EXERCISE INSTRUCTIONS:
Beginning with the line that holds "You are a spatial" and ending with the last line below, please copy every line exactly, add nothing, and leave out the pictures.

RECORDED DATA:

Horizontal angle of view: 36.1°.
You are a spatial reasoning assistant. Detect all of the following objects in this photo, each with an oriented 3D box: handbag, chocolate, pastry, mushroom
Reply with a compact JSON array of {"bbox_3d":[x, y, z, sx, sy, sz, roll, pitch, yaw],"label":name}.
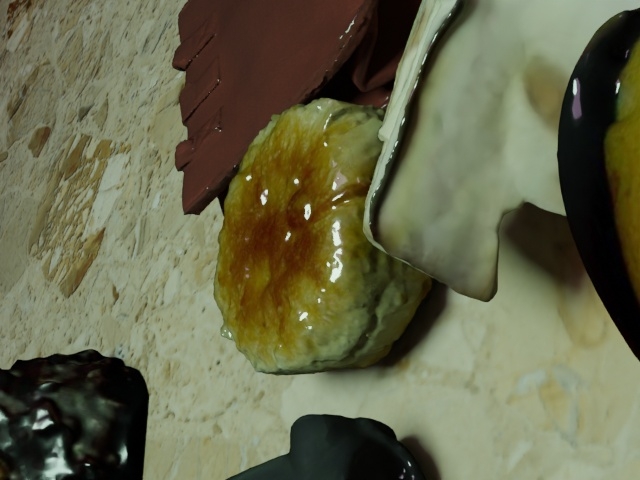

ANSWER TO THE PROBLEM:
You are a spatial reasoning assistant. Detect all of the following objects in this photo, each with an oriented 3D box: handbag, chocolate, pastry, mushroom
Reply with a compact JSON array of {"bbox_3d":[x, y, z, sx, sy, sz, roll, pitch, yaw],"label":name}.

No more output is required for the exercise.